WHAT YOU WILL DO - Omitting the pictures, print every line below exactly as it stands.

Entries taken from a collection

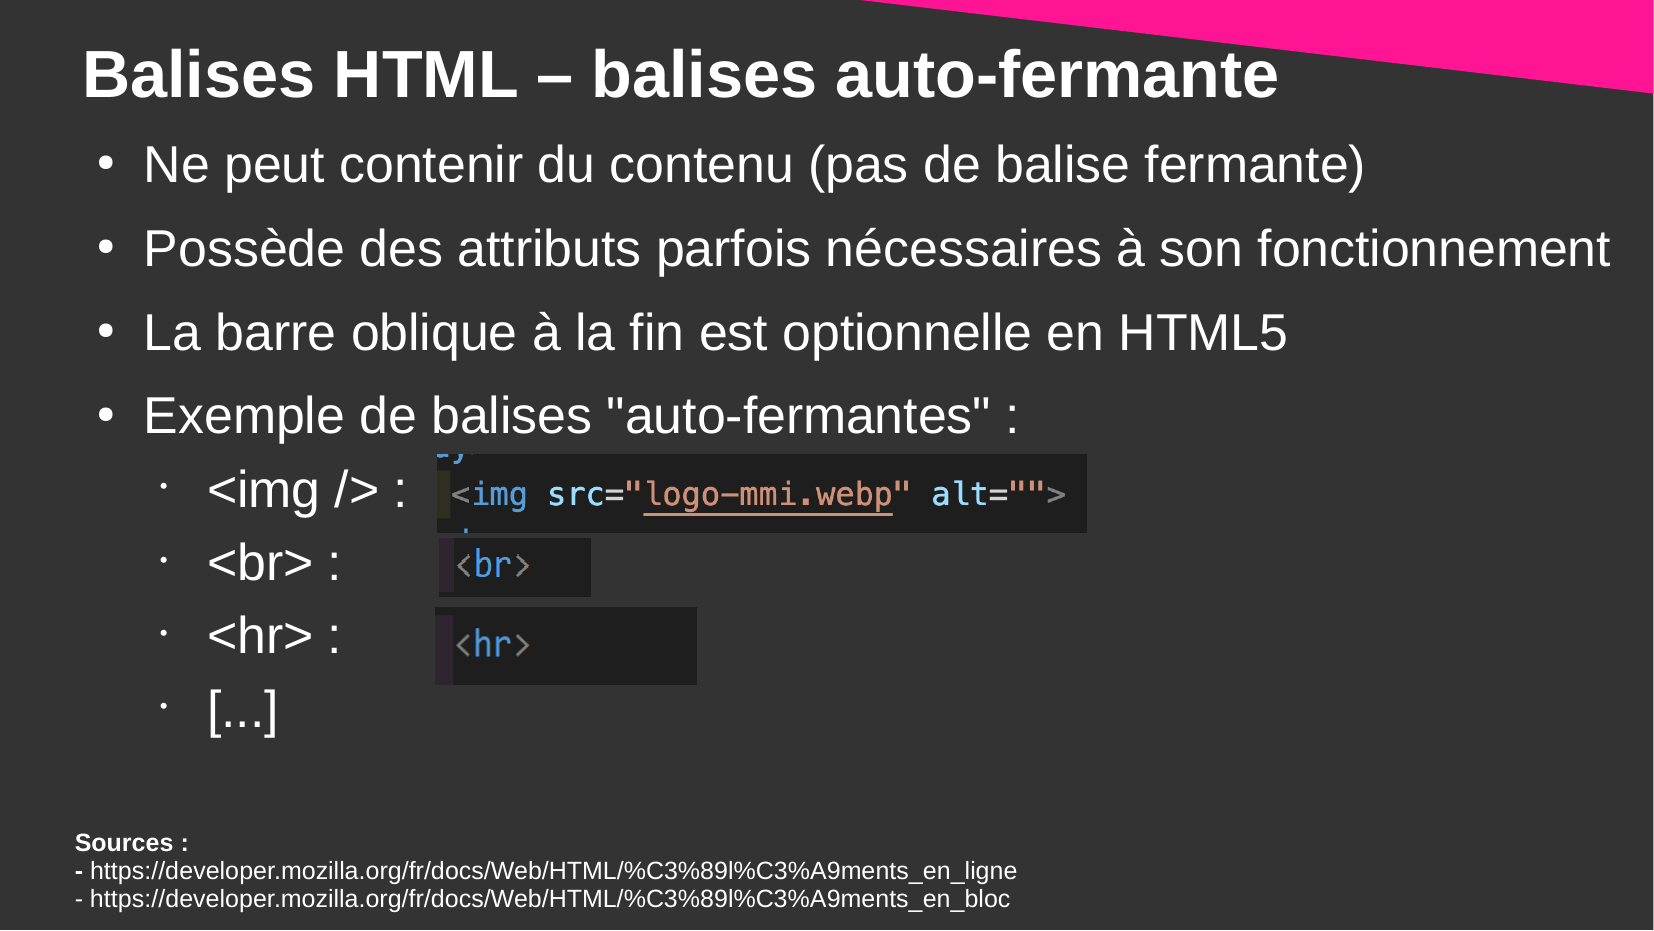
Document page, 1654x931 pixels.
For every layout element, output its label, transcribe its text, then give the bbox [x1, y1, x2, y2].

picture [439, 538, 591, 597]
text_box Sources : - https://developer.mozilla.org/fr/docs/Web/HTML/%C3%89l%C3%A9ments_en_ligne - https://developer.mozilla.org/fr/docs/Web/HTML/%C3%89l%C3%A9ments_en_bloc [59, 821, 1546, 920]
text_box [859, 0, 1654, 94]
picture [435, 607, 697, 685]
list Ne peut contenir du contenu (pas de balise fermante) Possède des attributs parfois nécessaires à son fonctionnement La barre oblique à la fin est optionnelle en HTML5 Exemple de balises "auto-fermantes" : <img /> : <br> : <hr> : [...] [80, 135, 1620, 777]
title Balises HTML – balises auto-fermante [82, 37, 1571, 112]
picture [437, 454, 1087, 534]
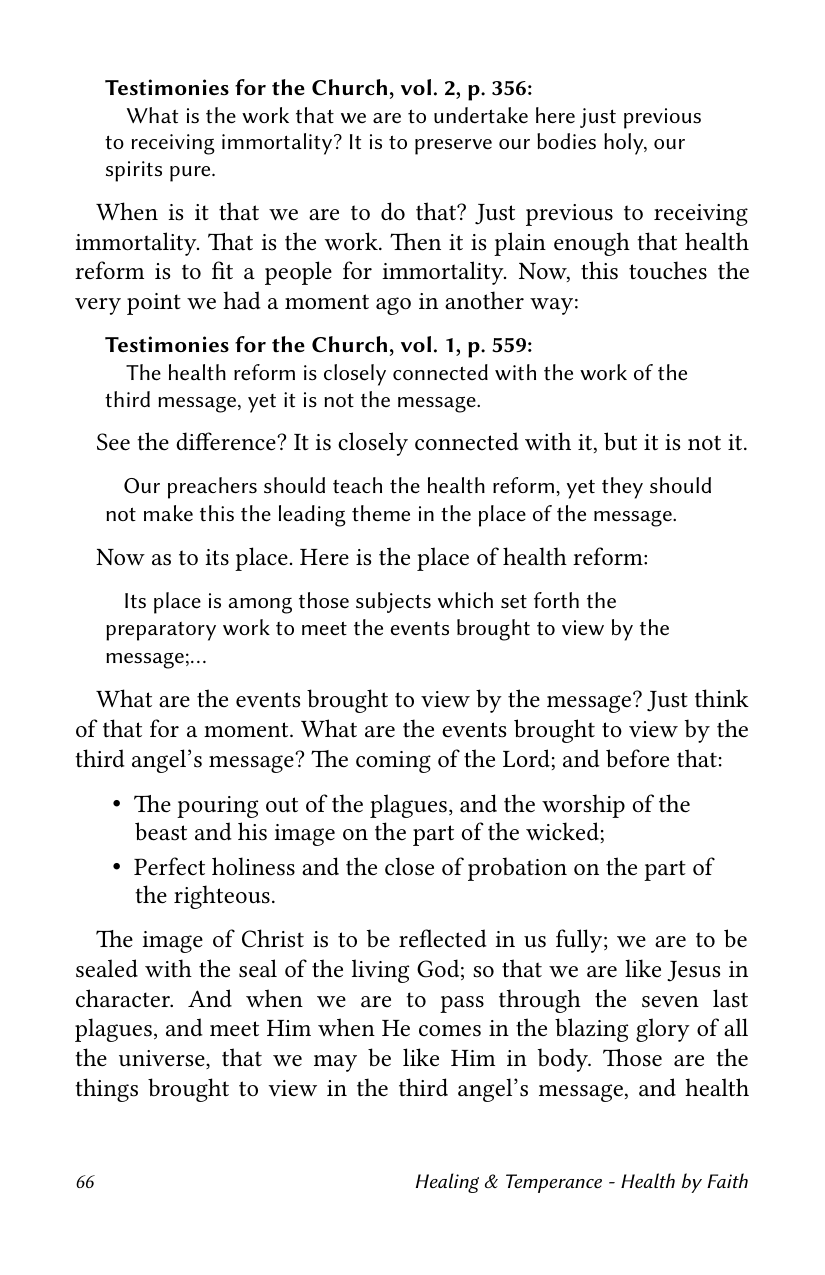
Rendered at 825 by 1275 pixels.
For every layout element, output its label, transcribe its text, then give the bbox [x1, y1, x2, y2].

text The health reform is closely connected with the work of the third message, yet it is not the message. [105, 360, 720, 413]
text The image of Christ is to be reflected in us fully; we are to be sealed with the seal of the living God; so that we are like Jesus in character. And when we are to pass through the seven last plagues, and meet Him when He comes in the blazing glory of all the universe, that we may be like Him in body. Those are the things brought to view in the third angel’s message, and health [75, 925, 750, 1103]
text Now as to its place. Here is the place of health reform: [75, 543, 750, 571]
text What is the work that we are to undertake here just previous to receiving immortality? It is to preserve our bodies holy, our spirits pure. [105, 103, 720, 182]
text Our preachers should teach the health reform, yet they should not make this the leading theme in the place of the message. [105, 473, 720, 527]
text Testimonies for the Church, vol. 2, p. 356: [105, 75, 750, 101]
text Testimonies for the Church, vol. 1, p. 559: [105, 332, 750, 358]
text Its place is among those subjects which set forth the preparatory work to meet the events brought to view by the message;... [105, 588, 720, 669]
text When is it that we are to do that? Just previous to receiving immortality. That is the work. Then it is plain enough that health reform is to fit a people for immortality. Now, this touches the very point we had a moment ago in another way: [75, 198, 750, 316]
text See the difference? It is closely connected with it, but it is not it. [75, 428, 750, 457]
text What are the events brought to view by the message? Just think of that for a moment. What are the events brought to view by the third angel’s message? The coming of the Lord; and before that: [75, 685, 750, 773]
list Perfect holiness and the close of probation on the part of the righteous. [112, 853, 750, 910]
list The pouring out of the plagues, and the worship of the beast and his image on the part of the wicked; [112, 789, 750, 847]
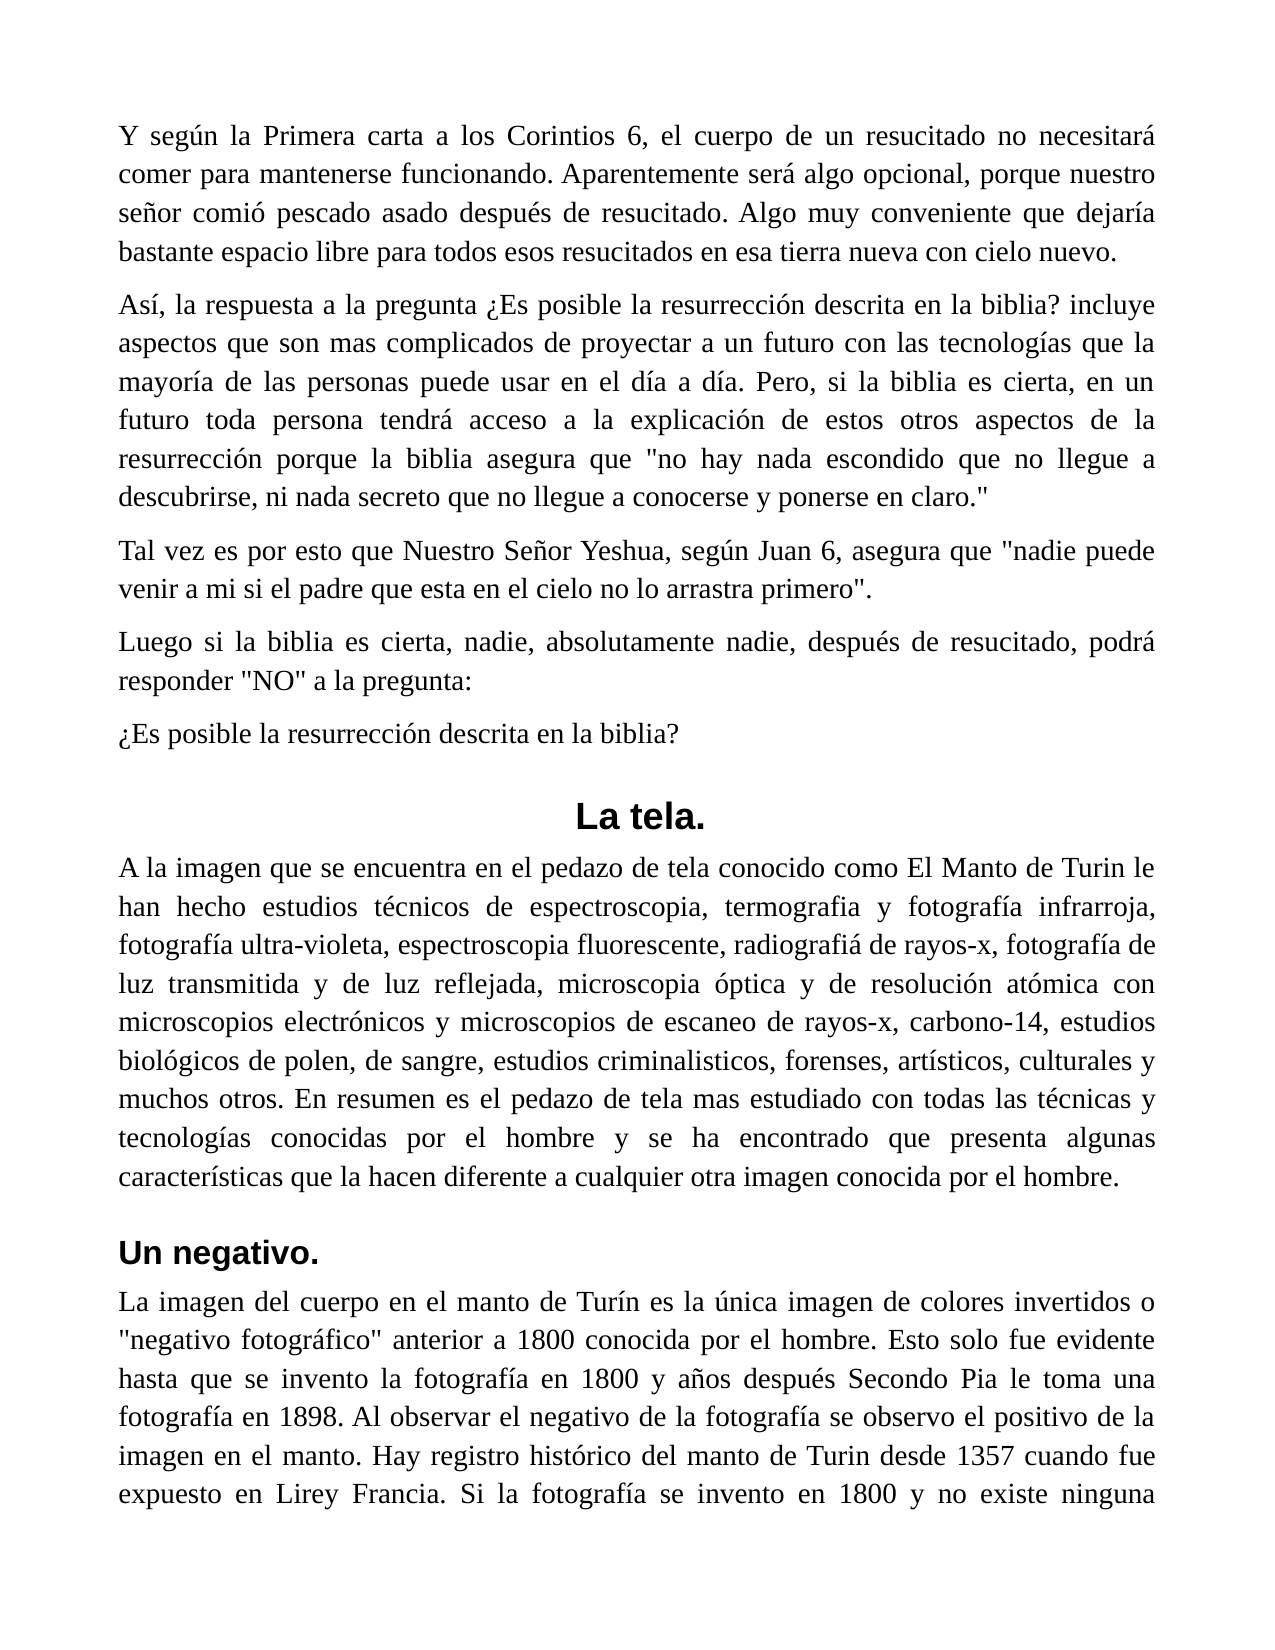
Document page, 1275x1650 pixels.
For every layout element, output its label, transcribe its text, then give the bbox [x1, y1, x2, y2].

OUTPUT FOR THIS EXERCISE -
Document page, 1654x931 pixels.
For every layout element, output its label, transcribe its text, then give the bbox [x1, y1, x2, y2].

picture [439, 538, 591, 597]
text_box Sources : - https://developer.mozilla.org/fr/docs/Web/HTML/%C3%89l%C3%A9ments_en_ligne - https://developer.mozilla.org/fr/docs/Web/HTML/%C3%89l%C3%A9ments_en_bloc [59, 821, 1546, 920]
text_box [859, 0, 1654, 94]
picture [435, 607, 697, 685]
list Ne peut contenir du contenu (pas de balise fermante) Possède des attributs parfois nécessaires à son fonctionnement La barre oblique à la fin est optionnelle en HTML5 Exemple de balises "auto-fermantes" : <img /> : <br> : <hr> : [...] [80, 135, 1620, 777]
title Balises HTML – balises auto-fermante [82, 37, 1571, 112]
picture [437, 454, 1087, 534]
Rendered at 825 by 1275 pixels.
For every layout element, output its label, transcribe its text, then give the bbox [x1, y1, x2, y2].

text The health reform is closely connected with the work of the third message, yet it is not the message. [105, 360, 720, 413]
text The image of Christ is to be reflected in us fully; we are to be sealed with the seal of the living God; so that we are like Jesus in character. And when we are to pass through the seven last plagues, and meet Him when He comes in the blazing glory of all the universe, that we may be like Him in body. Those are the things brought to view in the third angel’s message, and health [75, 925, 750, 1103]
text Now as to its place. Here is the place of health reform: [75, 543, 750, 571]
text What is the work that we are to undertake here just previous to receiving immortality? It is to preserve our bodies holy, our spirits pure. [105, 103, 720, 182]
text Our preachers should teach the health reform, yet they should not make this the leading theme in the place of the message. [105, 473, 720, 527]
text Testimonies for the Church, vol. 2, p. 356: [105, 75, 750, 101]
text Testimonies for the Church, vol. 1, p. 559: [105, 332, 750, 358]
text Its place is among those subjects which set forth the preparatory work to meet the events brought to view by the message;... [105, 588, 720, 669]
text When is it that we are to do that? Just previous to receiving immortality. That is the work. Then it is plain enough that health reform is to fit a people for immortality. Now, this touches the very point we had a moment ago in another way: [75, 198, 750, 316]
text See the difference? It is closely connected with it, but it is not it. [75, 428, 750, 457]
text What are the events brought to view by the message? Just think of that for a moment. What are the events brought to view by the third angel’s message? The coming of the Lord; and before that: [75, 685, 750, 773]
list Perfect holiness and the close of probation on the part of the righteous. [112, 853, 750, 910]
list The pouring out of the plagues, and the worship of the beast and his image on the part of the wicked; [112, 789, 750, 847]
Document page, 1275x1650 pixels.
For every layout element, output its label, transcribe its text, then give the bbox [x1, y1, x2, y2].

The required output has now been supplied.